Public Trust Circles the Drain
Approval ratings for the Court have cratered. Gallup polls show trust in SCOTUS at historic lows, and it’s not hard to see why:
- They overturned Roe despite overwhelming public support for keeping it.
- They expanded gun rights while mass shootings were skyrocketing.
- They gutted regulatory power as the planet literally cooks.
- They pretended racism was over while gutting affirmative action.
They’re not interpreting the law. They’re enforcing a fractional dogma; one that can’t win in legislatures, so it hides behind precedent-smashing rulings.
As if partisan rulings weren’t enough, the justices have been caught swimming in billionaire money like it’s Scrooge McDuck’s vault.
- Clarence Thomas: Lavish vacations, private jets, real estate deals bankrolled by Harlan Crow — a guy whose hobbies apparently include collecting Hitler memorabilia.
- Samuel Alito: Luxury fishing trips courtesy of conservative megadonors, disclosed with all the transparency of a mob accountant.
- The Rest: Pretend they’re squeaky clean, but the system has no enforceable ethics code. They police themselves — which is like asking the foxes to draft security rules for the henhouse.
Legitimacy Was the Only Thing They Had
The Court doesn’t have an army. It doesn’t control the purse. It has only legitimacy: the idea that people obey because they believe the Court is neutral.
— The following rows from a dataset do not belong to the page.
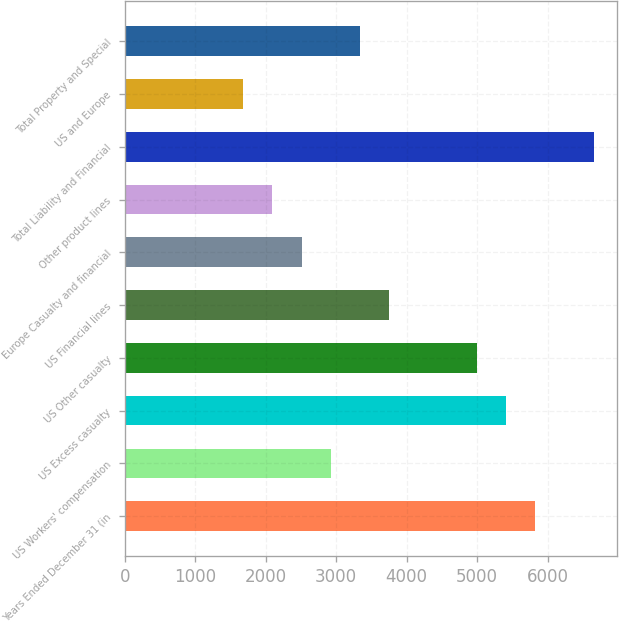Convert chart. <chart><loc_0><loc_0><loc_500><loc_500><bar_chart><fcel>Years Ended December 31 (in<fcel>US Workers' compensation<fcel>US Excess casualty<fcel>US Other casualty<fcel>US Financial lines<fcel>Europe Casualty and financial<fcel>Other product lines<fcel>Total Liability and Financial<fcel>US and Europe<fcel>Total Property and Special<nl><fcel>5828<fcel>2923<fcel>5413<fcel>4998<fcel>3753<fcel>2508<fcel>2093<fcel>6658<fcel>1678<fcel>3338<nl></chart> 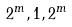<formula> <loc_0><loc_0><loc_500><loc_500>2 ^ { m } , 1 , 2 ^ { m }</formula> 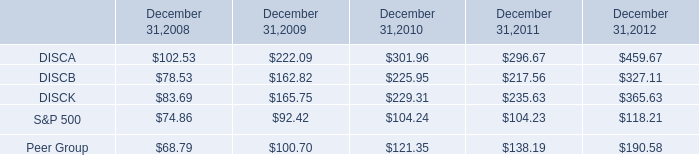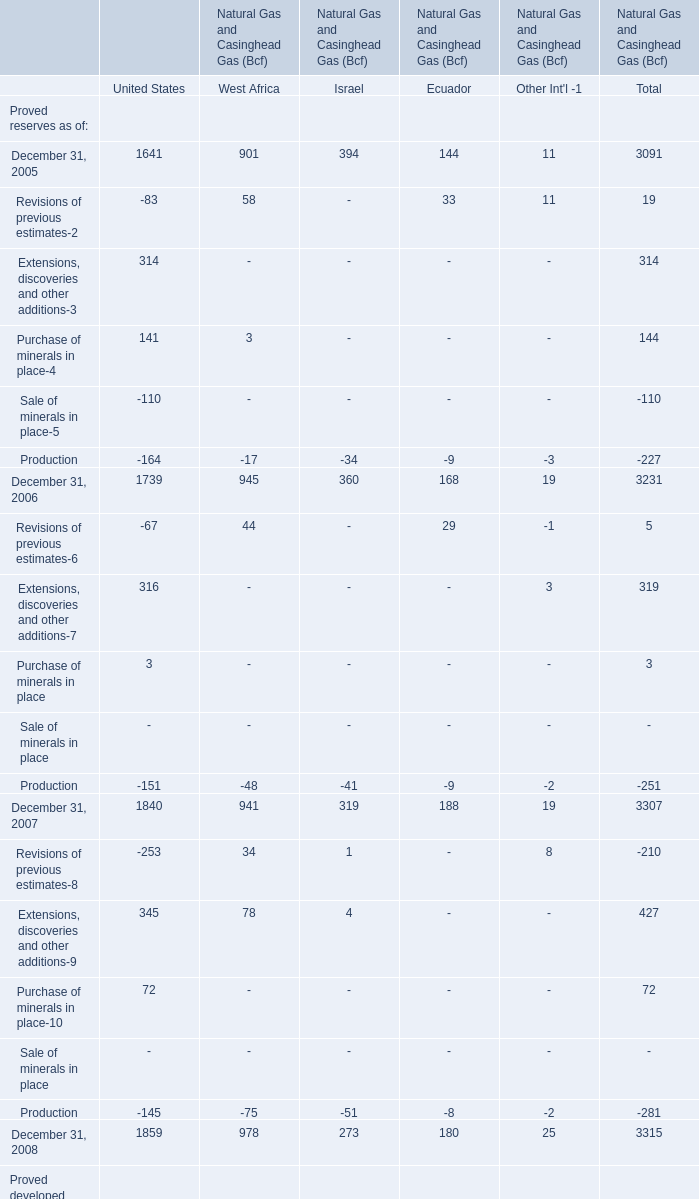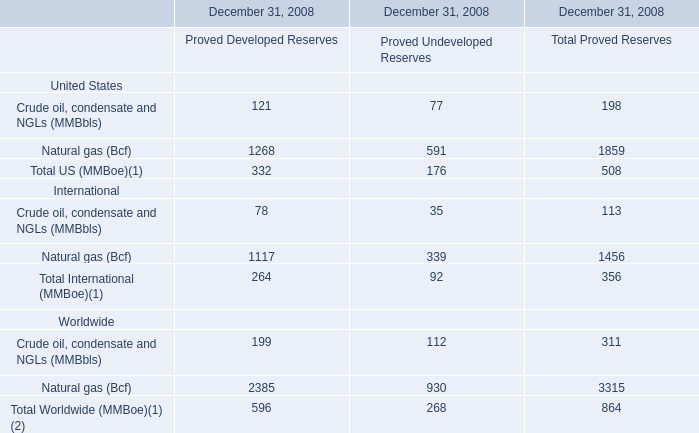what was the 5 year average total return for the a and c series of stock?\\n\\n\\n 
Computations: ((327.11 + 365.63) / 2)
Answer: 346.37.

Once that’s gone? The emperor isn’t just naked; he’s streaking across the National Mall with a “Make Originalism Great Again” flag duct-taped to his back.
When half the country sees SCOTUS as just another partisan body, why should they respect its rulings? The North ignored Dred Scott. Red states today ignore federal gun laws. Blue states are openly challenging abortion bans and immigration rulings. When the Court becomes a political arm, compliance becomes optional, and that’s a dangerous game of chicken for a republic that relies on shared rules.
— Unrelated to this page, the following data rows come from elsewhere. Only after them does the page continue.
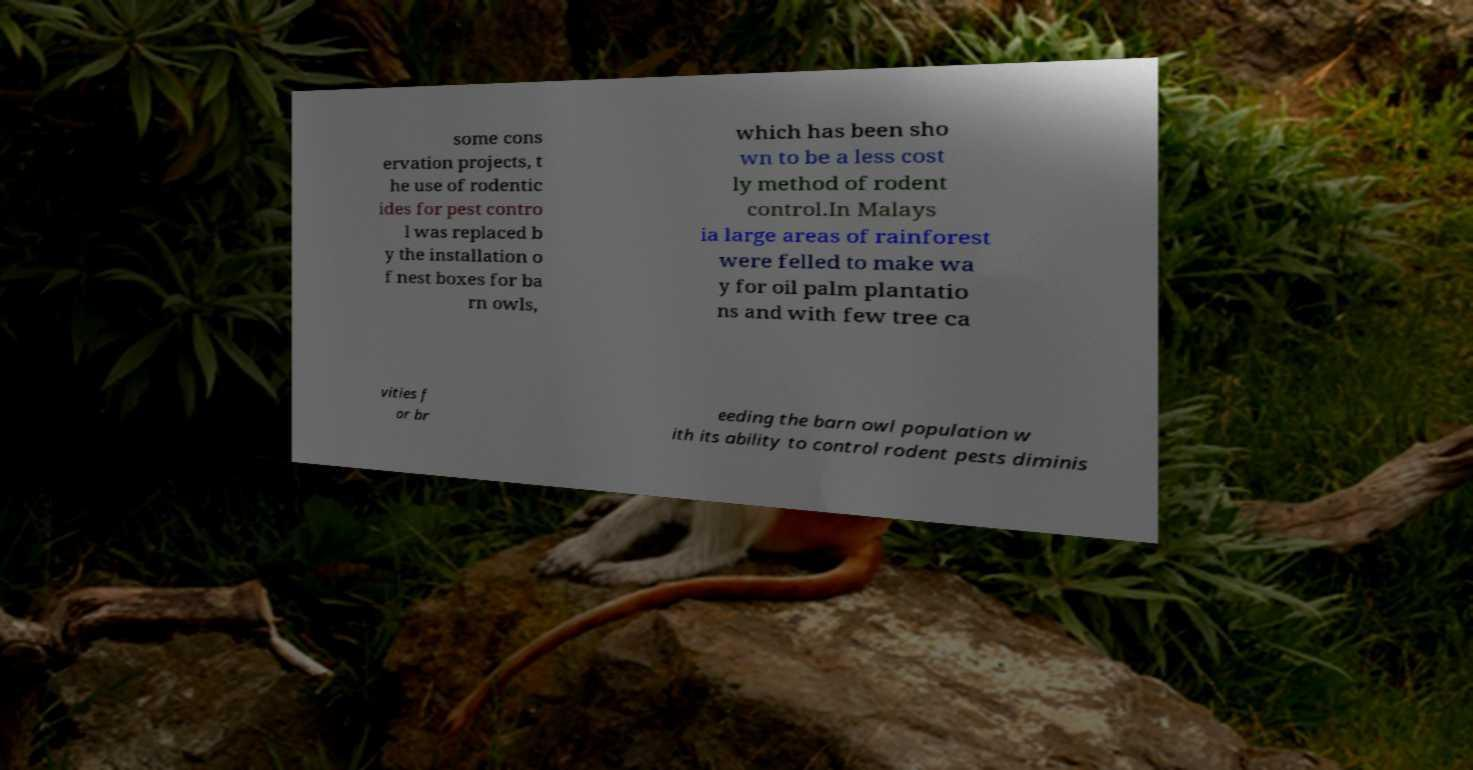Please read and relay the text visible in this image. What does it say? some cons ervation projects, t he use of rodentic ides for pest contro l was replaced b y the installation o f nest boxes for ba rn owls, which has been sho wn to be a less cost ly method of rodent control.In Malays ia large areas of rainforest were felled to make wa y for oil palm plantatio ns and with few tree ca vities f or br eeding the barn owl population w ith its ability to control rodent pests diminis 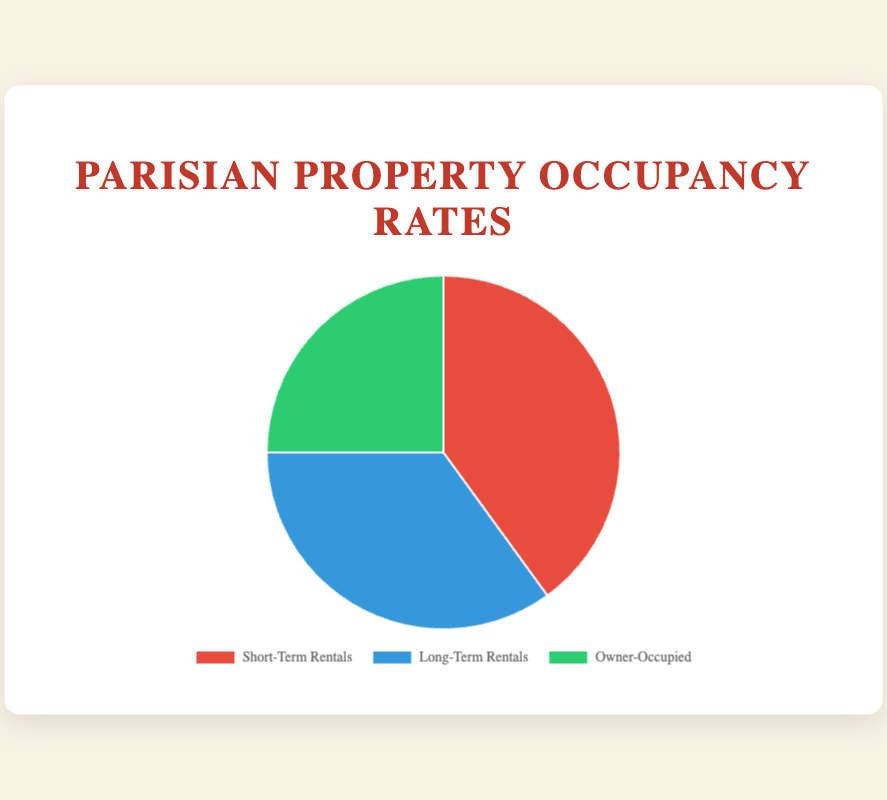What is the occupancy rate of short-term rentals in central Paris? According to the pie chart, the occupancy rate of short-term rentals is represented as 40%. This can be observed directly from the chart's data labels.
Answer: 40% Which type of property has the lowest occupancy rate? The pie chart displays three types of properties, each with their respective occupancy rates. Owner-Occupied properties have the lowest rate at 25%.
Answer: Owner-Occupied How much higher is the occupancy rate for short-term rentals compared to long-term rentals? The occupancy rate for short-term rentals is 40%, while for long-term rentals it is 35%. The difference is calculated as 40% - 35% = 5%.
Answer: 5% Which property type occupies the largest portion of the pie chart, and by how much more percentage than the second-largest? The largest portion of the pie chart is occupied by short-term rentals with 40%. The second-largest is long-term rentals at 35%. The difference between them is 40% - 35% = 5%.
Answer: Short-Term Rentals, 5% What is the combined occupancy rate for owner-occupied and long-term rental properties? The occupancy rates for owner-occupied and long-term rentals are 25% and 35% respectively. The combined rate is 25% + 35% = 60%.
Answer: 60% If the total percentage were to be converted into a fraction, which property type's occupancy rate corresponds to 1/4 of the entire pie chart? The entire pie chart represents 100%. Owner-occupied properties have an occupancy rate of 25%, which is equivalent to 1/4 of 100%.
Answer: Owner-Occupied How does the percentage of long-term rentals compare to the sum of the percentages of the other two property types? The sum of the occupancy rates for short-term rentals (40%) and owner-occupied (25%) is 65%. The occupancy rate of long-term rentals (35%) is less than this sum by 65% - 35% = 30%.
Answer: Less by 30% What percentage of the pie chart is occupied by properties which are not short-term rentals? The properties which are not short-term rentals are long-term rentals and owner-occupied. Their combined occupancy rate is 35% + 25% = 60%.
Answer: 60% What is the difference in occupancy rates between the property type with the highest rate and the one with the lowest rate? The highest occupancy rate is for short-term rentals at 40%, and the lowest is for owner-occupied properties at 25%. The difference is 40% - 25% = 15%.
Answer: 15% Of the three property types, which two have occupancy rates adding up to more than half of the total pie chart, and what is their combined rate? Long-term rentals and short-term rentals have rates of 35% and 40%, respectively. Their combined rate is 35% + 40% = 75%, which is more than half of the total pie (50%).
Answer: Long-Term Rentals and Short-Term Rentals, 75%

Chief Justice John Roberts once described the role of the Court as simply “calling balls and strikes.” Cute metaphor, fuckface! But this Court isn’t an umpire. It’s the guy who shows up with gasoline and a match, burns down the stadium, and then insists the game is still fair.
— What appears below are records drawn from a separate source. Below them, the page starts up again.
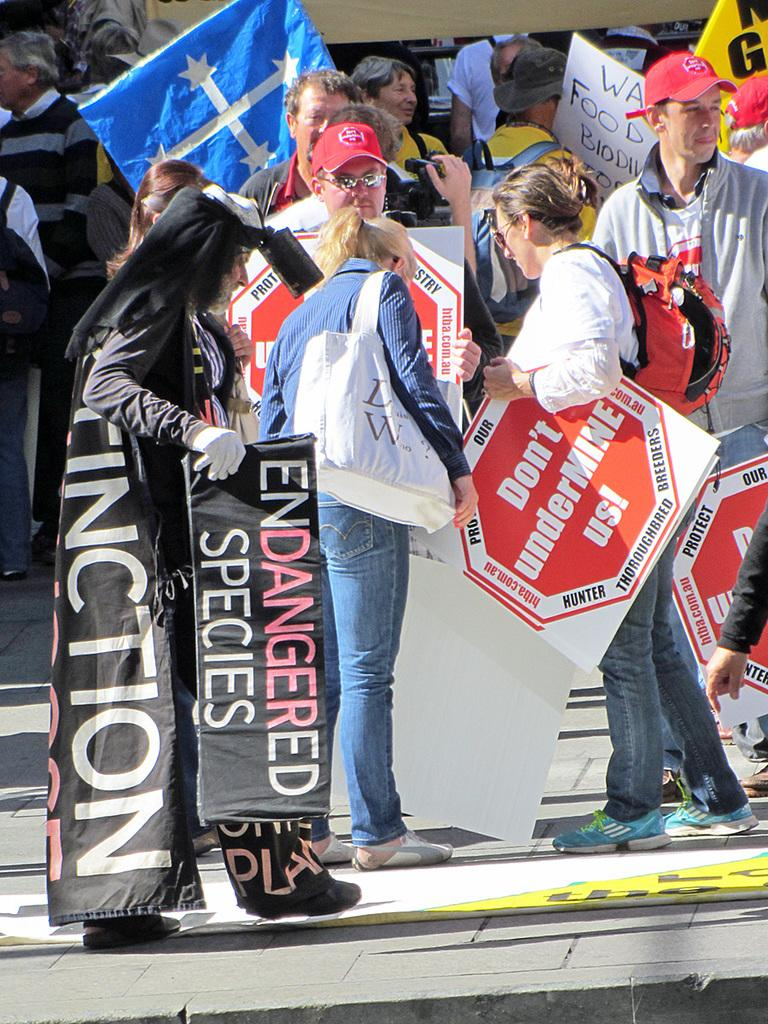What is happening with the group of people in the image? There is a group of people on the ground in the image. What are some of the people in the group doing? Some people in the group are holding posters. What can be seen in the background of the image? There are objects visible in the background of the image. What note is being played by the people in the image? There is no indication of music or notes being played in the image; it features a group of people holding posters. What profit is being made by the people in the image? There is no mention of profit or financial gain in the image; it simply shows a group of people holding posters. 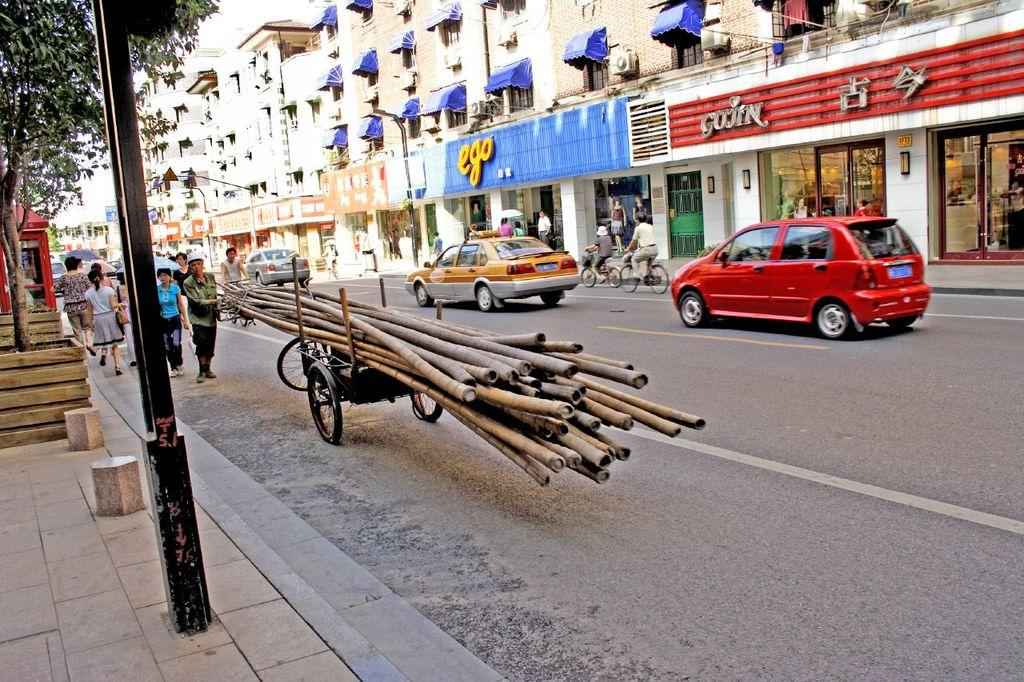<image>
Create a compact narrative representing the image presented. Behind a street in yellow is a store called ego. 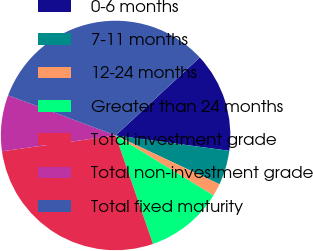<chart> <loc_0><loc_0><loc_500><loc_500><pie_chart><fcel>0-6 months<fcel>7-11 months<fcel>12-24 months<fcel>Greater than 24 months<fcel>Total investment grade<fcel>Total non-investment grade<fcel>Total fixed maturity<nl><fcel>14.03%<fcel>4.84%<fcel>1.77%<fcel>10.97%<fcel>28.07%<fcel>7.9%<fcel>32.41%<nl></chart>

The antebellum South treated the Court as its constitutional bodyguard. The modern GOP treats it as its ideological insurance policy. The costumes have changed; plantation owners in frock coats vs. Federalist Society hookers in tailored robes but the instinct is the same: if democracy won’t give you what you want, hijack the branch that can’t be voted out and then bribe them to legalize your crimes.
The Supreme Court was supposed to be neutral, the ballast keeping the ship steady. Instead, it’s become the fortress one side hides in while lobbing grenades at the other. You don’t need to persuade the public when you’ve got lifetime allies writing your archaic and wildly loathed policies into constitutional stone.
And let’s kill the hostage metaphor once and for all: the Court isn’t tied up in the basement. It’s in the getaway car, counting the loot, smiling as democracy bleeds out on the curb.
Roger Taney enshrined slavery with Dred Scott. John Roberts presides over a Court dismantling reproductive rights, gutting regulation, and kneecapping democracy.
The South’s judicial capture ended in secession and civil war. Today’s version has ended in a Court so corrupt it can’t even spell legitimacy, let alone command it. Public trust has tanked, states are selectively ignoring rulings, and the robes have become less a symbol of justice than costumes for partisan robots with gavels.
History doesn’t repeat itself that often, but when it does, it’s usually summoned by money-infused assholes who think “liberty” is a costume party. The South once seceded to protect its blatant bigoted ignorance. Today’s GOP stayed, rewrote the Senate rules, and welded that same bigoted ignorance to the Court.